Step 3: Compose a Team. The key to putting together a successful ExO founding team is that everyone shares a passion for the MTP.
Step 4: Breakthrough Idea. It is essential to leverage technology or information in some way to transform the status quo. ExOs are not about incremental improvement in a marketplace. They are about radical change.
Step 5: Build a Business Model Canvas. At this stage, it is important that the BMC be simple and not overthought. Experimentation will navigate you to the best path and provide the next level of fidelity.
Step 6: Find a Business Model. It is important to understand that if you’re going to achieve a 10x improvement, there’s a strong likelihood that your company will require a completely new business model.
Step 7: Build the MVP. A key output of the Business Model Canvas is what’s called the Minimum Viable Product, or MVP. The MVP is a kind of applied experiment to determine the simplest product that will allow the team to go to the market and see how users respond (as well as help find investors for the next round of development).
Step 8: Validate Marketing and Sales. Once the product is being used in its chosen market(s), a customer acquisition funnel will need to be established to help drive new visitors to the product. Its role is to qualify potential customers and convert them into users and paying customers.
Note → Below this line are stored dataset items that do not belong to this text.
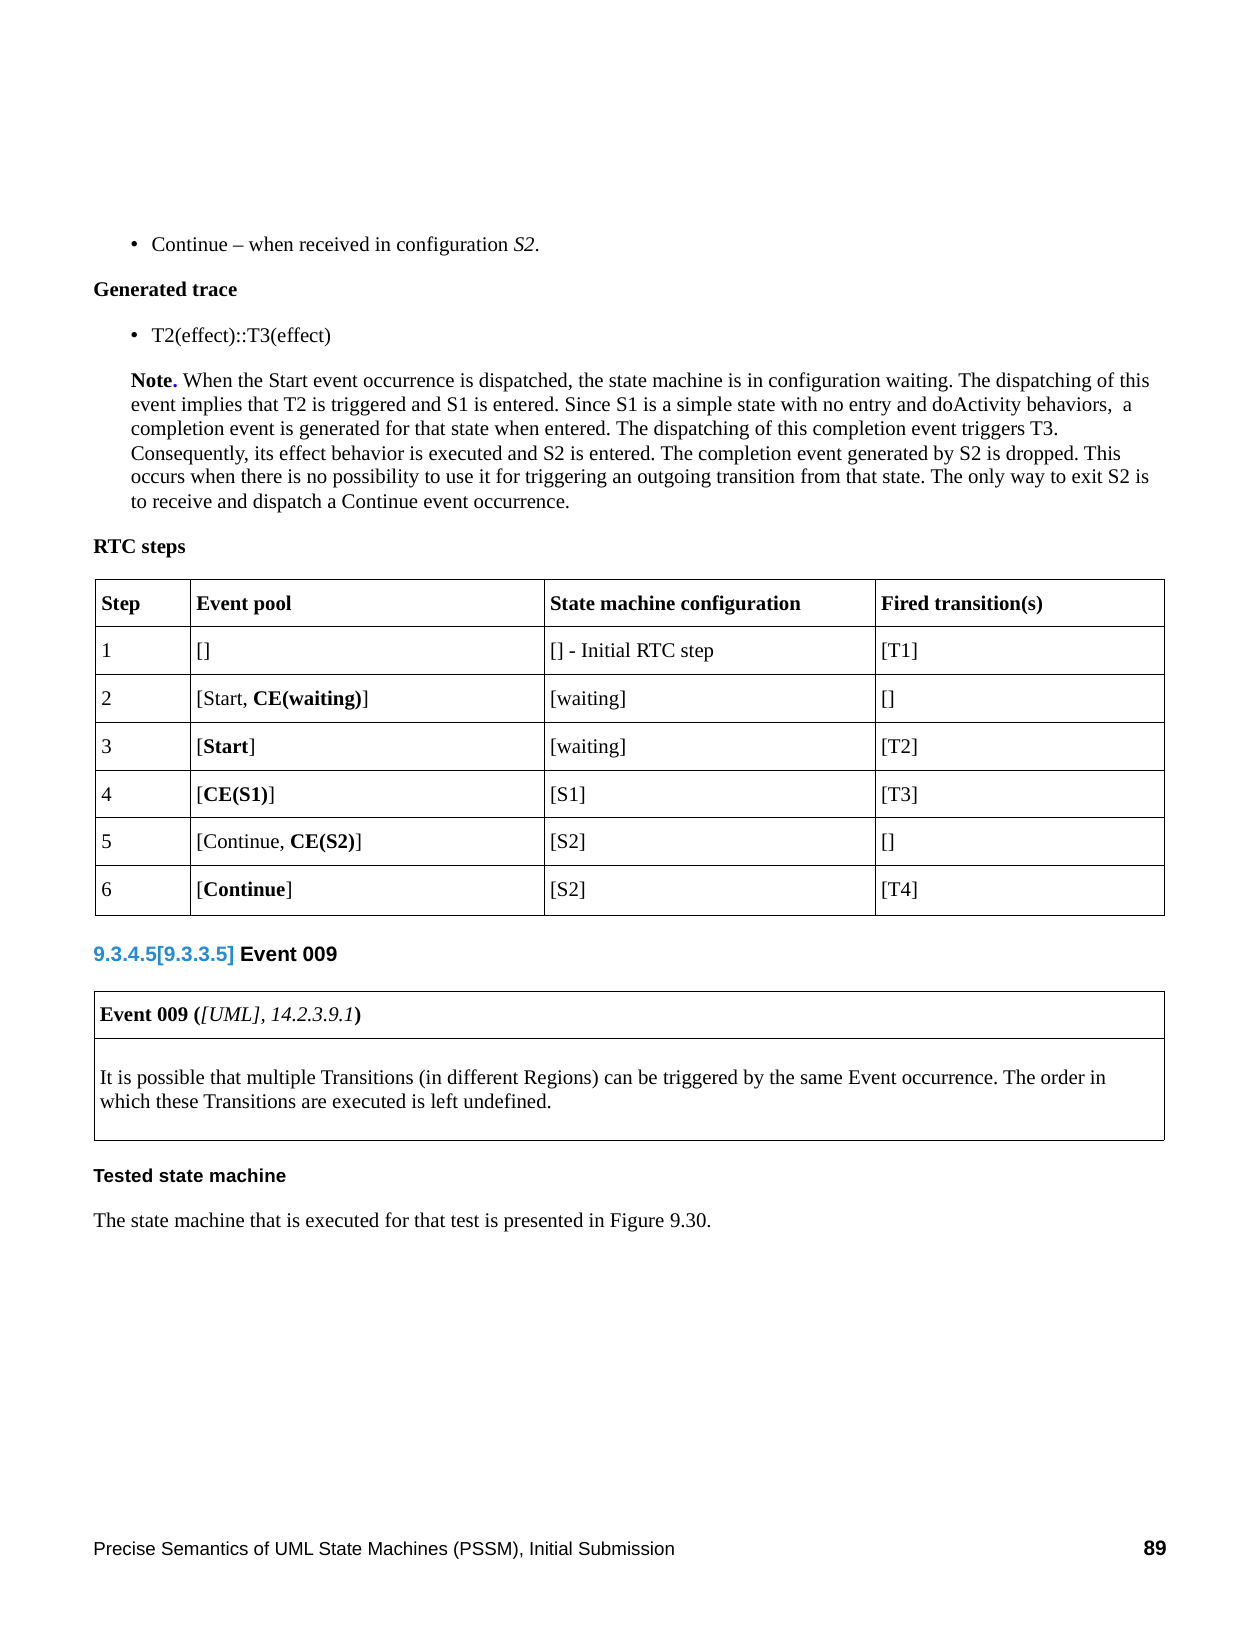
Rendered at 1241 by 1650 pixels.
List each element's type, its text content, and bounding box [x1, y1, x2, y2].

table_cell [T2] [876, 723, 1164, 769]
list Continue – when received in configuration S2. [131, 231, 1164, 256]
table_cell [Continue] [191, 866, 544, 915]
text Note. When the Start event occurrence is dispatched, the state machine is in configuration waiting. The dispatching of this event implies that T2 is triggered and S1 is entered. Since S1 is a simple state with no entry and doActivity behaviors, a completion event is generated for that state when entered. The dispatching of this completion event triggers T3. Consequently, its effect behavior is executed and S2 is entered. The completion event generated by S2 is dropped. This occurs when there is no possibility to use it for triggering an outgoing transition from that state. The only way to exit S2 is to receive and dispatch a Continue event occurrence. [131, 368, 1164, 513]
table_cell [T1] [876, 627, 1164, 674]
table_header Event 009 ([UML], 14.2.3.9.1) [95, 992, 1164, 1038]
table_header State machine configuration [545, 580, 875, 626]
table_cell [Start, CE(waiting)] [191, 675, 544, 722]
table_cell [S2] [545, 866, 875, 915]
subtitle Event 009 [93, 941, 1164, 966]
table_cell [T3] [876, 771, 1164, 817]
table_cell [] - Initial RTC step [545, 627, 875, 674]
text The state machine that is executed for that test is presented in Figure 9.30. [93, 1208, 1164, 1232]
table_cell [] [876, 675, 1164, 722]
table_cell [Start] [191, 723, 544, 769]
table_cell 3 [96, 723, 190, 769]
list T2(effect)::T3(effect) [131, 322, 1164, 347]
table_cell [S1] [545, 771, 875, 817]
table_header Fired transition(s) [876, 580, 1164, 626]
text Generated trace [93, 277, 1164, 301]
table_cell [S2] [545, 818, 875, 865]
table_cell 6 [96, 866, 190, 915]
table_cell [] [191, 627, 544, 674]
table_cell [CE(S1)] [191, 771, 544, 817]
table_cell [T4] [876, 866, 1164, 915]
table_cell 2 [96, 675, 190, 722]
table_cell 1 [96, 627, 190, 674]
table_header Step [96, 580, 190, 626]
text RTC steps [93, 534, 1164, 558]
table_cell [waiting] [545, 723, 875, 769]
table_cell It is possible that multiple Transitions (in different Regions) can be triggered by the same Event occurrence. The order in which these Transitions are executed is left undefined. [95, 1039, 1164, 1140]
table_cell [] [876, 818, 1164, 865]
table_cell [Continue, CE(S2)] [191, 818, 544, 865]
table_cell 5 [96, 818, 190, 865]
table_header Event pool [191, 580, 544, 626]
table_cell [waiting] [545, 675, 875, 722]
subtitle Tested state machine [93, 1165, 1164, 1187]
table_cell 4 [96, 771, 190, 817]
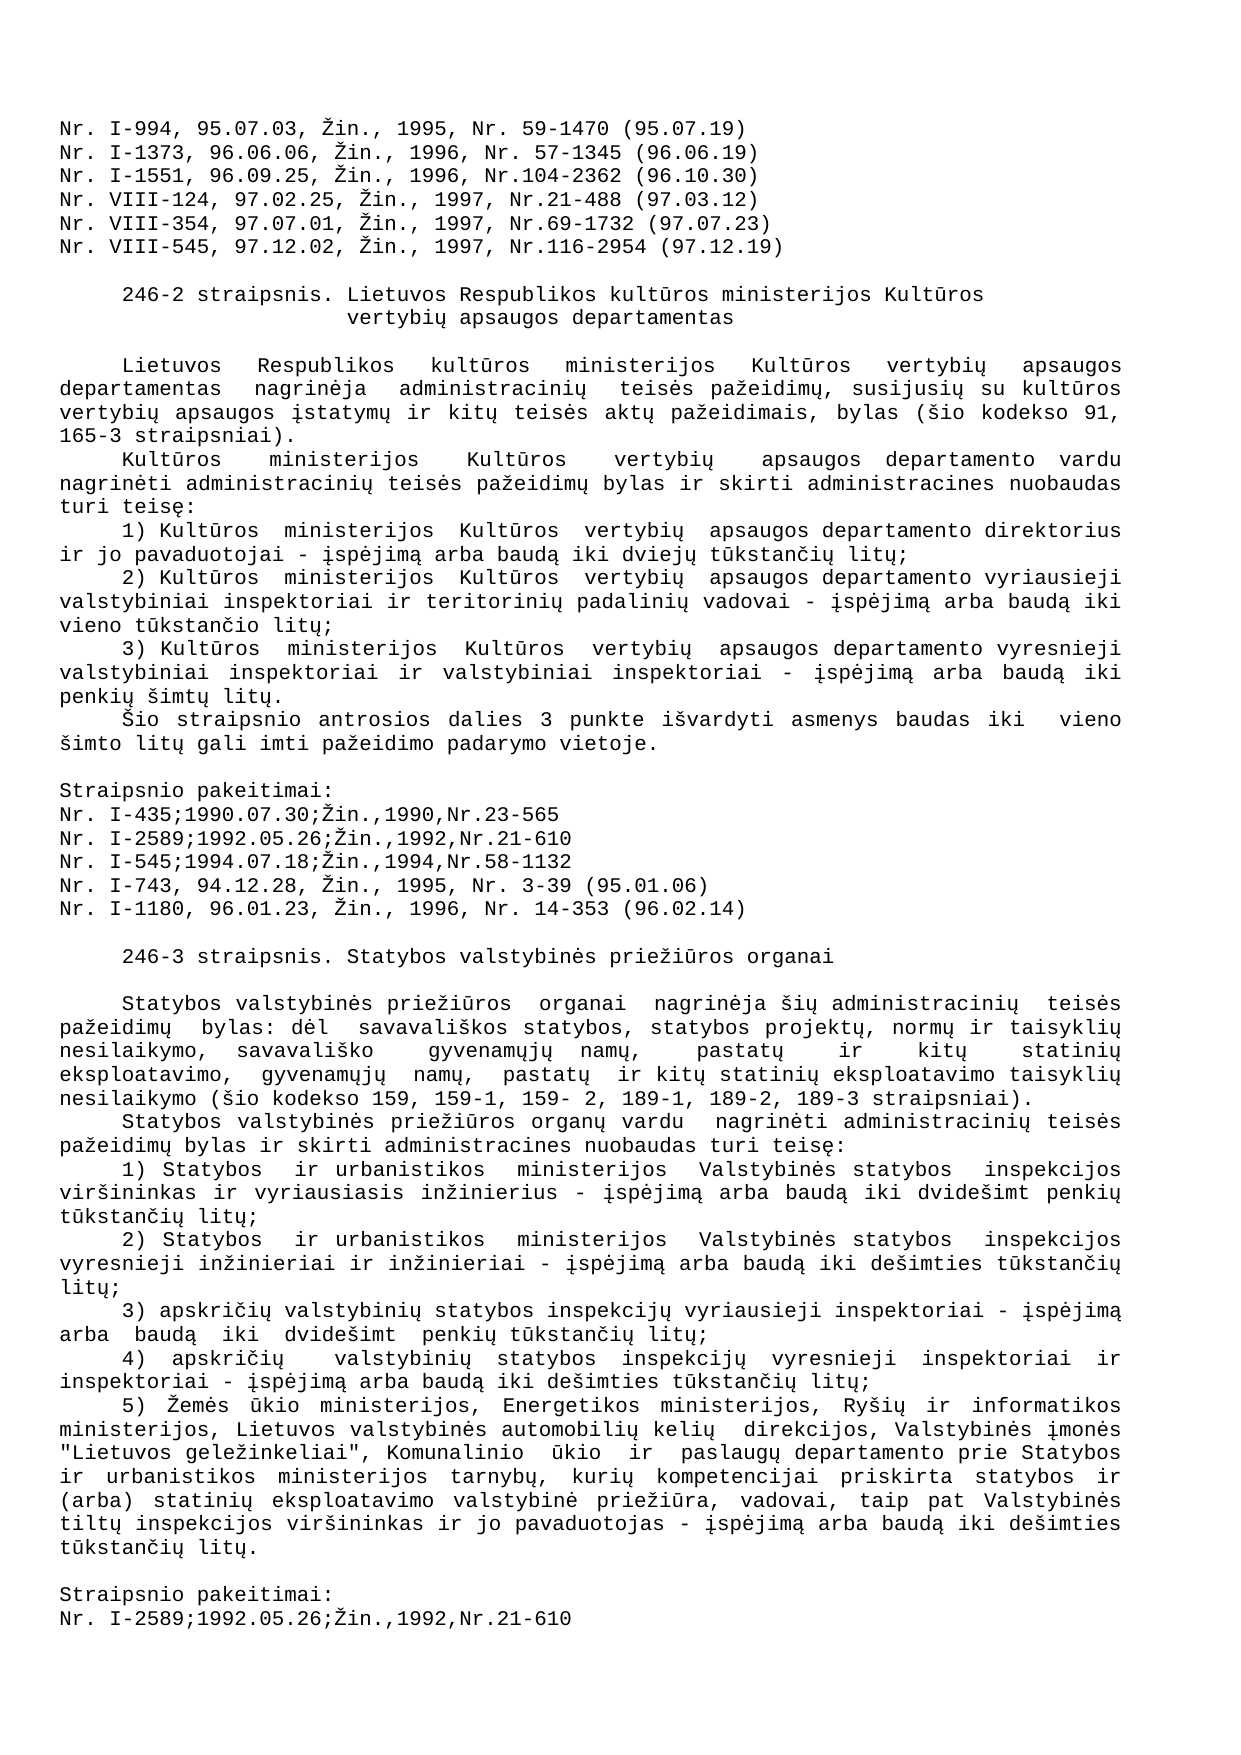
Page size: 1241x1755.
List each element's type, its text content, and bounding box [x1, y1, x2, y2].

text 4) apskričių valstybinių statybos inspekcijų vyresnieji inspektoriai ir inspektoriai - įspėjimą arba baudą iki dešimties tūkstančių litų; [59, 1348, 1122, 1395]
text 3) apskričių valstybinių statybos inspekcijų vyriausieji inspektoriai - įspėjimą arba baudą iki dvidešimt penkių tūkstančių litų; [59, 1300, 1122, 1348]
text Straipsnio pakeitimai: [59, 780, 1122, 804]
text 246-2 straipsnis. Lietuvos Respublikos kultūros ministerijos Kultūros [59, 284, 1122, 307]
text Nr. VIII-545, 97.12.02, Žin., 1997, Nr.116-2954 (97.12.19) [59, 236, 1122, 260]
text 5) Žemės ūkio ministerijos, Energetikos ministerijos, Ryšių ir informatikos ministerijos, Lietuvos valstybinės automobilių kelių direkcijos, Valstybinės įmonės "Lietuvos geležinkeliai", Komunalinio ūkio ir paslaugų departamento prie Statybos ir urbanistikos ministerijos tarnybų, kurių kompetencijai priskirta statybos ir (arba) statinių eksploatavimo valstybinė priežiūra, vadovai, taip pat Valstybinės tiltų inspekcijos viršininkas ir jo pavaduotojas - įspėjimą arba baudą iki dešimties tūkstančių litų. [59, 1395, 1122, 1561]
text vertybių apsaugos departamentas [59, 307, 1122, 331]
text Šio straipsnio antrosios dalies 3 punkte išvardyti asmenys baudas iki vieno šimto litų gali imti pažeidimo padarymo vietoje. [59, 709, 1122, 757]
text Nr. I-545;1994.07.18;Žin.,1994,Nr.58-1132 [59, 851, 1122, 875]
text Nr. I-743, 94.12.28, Žin., 1995, Nr. 3-39 (95.01.06) [59, 875, 1122, 898]
text Nr. I-435;1990.07.30;Žin.,1990,Nr.23-565 [59, 804, 1122, 827]
text 246-3 straipsnis. Statybos valstybinės priežiūros organai [59, 946, 1122, 969]
text 3) Kultūros ministerijos Kultūros vertybių apsaugos departamento vyresnieji valstybiniai inspektoriai ir valstybiniai inspektoriai - įspėjimą arba baudą iki penkių šimtų litų. [59, 638, 1122, 709]
text Nr. I-1180, 96.01.23, Žin., 1996, Nr. 14-353 (96.02.14) [59, 898, 1122, 922]
text Straipsnio pakeitimai: [59, 1584, 1122, 1608]
text Nr. I-2589;1992.05.26;Žin.,1992,Nr.21-610 [59, 1608, 1122, 1631]
text Statybos valstybinės priežiūros organai nagrinėja šių administracinių teisės pažeidimų bylas: dėl savavališkos statybos, statybos projektų, normų ir taisyklių nesilaikymo, savavališko gyvenamųjų namų, pastatų ir kitų statinių eksploatavimo, gyvenamųjų namų, pastatų ir kitų statinių eksploatavimo taisyklių nesilaikymo (šio kodekso 159, 159-1, 159- 2, 189-1, 189-2, 189-3 straipsniai). [59, 993, 1122, 1111]
text Nr. I-1373, 96.06.06, Žin., 1996, Nr. 57-1345 (96.06.19) [59, 142, 1122, 165]
text 2) Statybos ir urbanistikos ministerijos Valstybinės statybos inspekcijos vyresnieji inžinieriai ir inžinieriai - įspėjimą arba baudą iki dešimties tūkstančių litų; [59, 1229, 1122, 1300]
text Kultūros ministerijos Kultūros vertybių apsaugos departamento vardu nagrinėti administracinių teisės pažeidimų bylas ir skirti administracines nuobaudas turi teisę: [59, 449, 1122, 520]
text Statybos valstybinės priežiūros organų vardu nagrinėti administracinių teisės pažeidimų bylas ir skirti administracines nuobaudas turi teisę: [59, 1111, 1122, 1158]
text 1) Kultūros ministerijos Kultūros vertybių apsaugos departamento direktorius ir jo pavaduotojai - įspėjimą arba baudą iki dviejų tūkstančių litų; [59, 520, 1122, 567]
text Lietuvos Respublikos kultūros ministerijos Kultūros vertybių apsaugos departamentas nagrinėja administracinių teisės pažeidimų, susijusių su kultūros vertybių apsaugos įstatymų ir kitų teisės aktų pažeidimais, bylas (šio kodekso 91, 165-3 straipsniai). [59, 354, 1122, 449]
text Nr. I-2589;1992.05.26;Žin.,1992,Nr.21-610 [59, 827, 1122, 851]
text 2) Kultūros ministerijos Kultūros vertybių apsaugos departamento vyriausieji valstybiniai inspektoriai ir teritorinių padalinių vadovai - įspėjimą arba baudą iki vieno tūkstančio litų; [59, 567, 1122, 638]
text 1) Statybos ir urbanistikos ministerijos Valstybinės statybos inspekcijos viršininkas ir vyriausiasis inžinierius - įspėjimą arba baudą iki dvidešimt penkių tūkstančių litų; [59, 1158, 1122, 1229]
text Nr. I-1551, 96.09.25, Žin., 1996, Nr.104-2362 (96.10.30) [59, 165, 1122, 189]
text Nr. I-994, 95.07.03, Žin., 1995, Nr. 59-1470 (95.07.19) [59, 118, 1122, 142]
text Nr. VIII-354, 97.07.01, Žin., 1997, Nr.69-1732 (97.07.23) [59, 213, 1122, 236]
text Nr. VIII-124, 97.02.25, Žin., 1997, Nr.21-488 (97.03.12) [59, 189, 1122, 213]

Step 9: Implement your ExO.
Step 10: Establish the Culture. Establishing a corporate culture starts with learning how to effectively track, manage and reward performance. And that begins with designing the OKR system.
Step 11: Ask the Key Question Periodically. How will you drive the marginal cost of supply towards zero?
Step 12: Building and Maintaining a Platform. The crucial step is exposing the data in the form of an open platform. Open data and APIs can be used such that an ExO’s community develops valuable services, new functionalities and innovations layered on top of the platform by remixing published data with their own.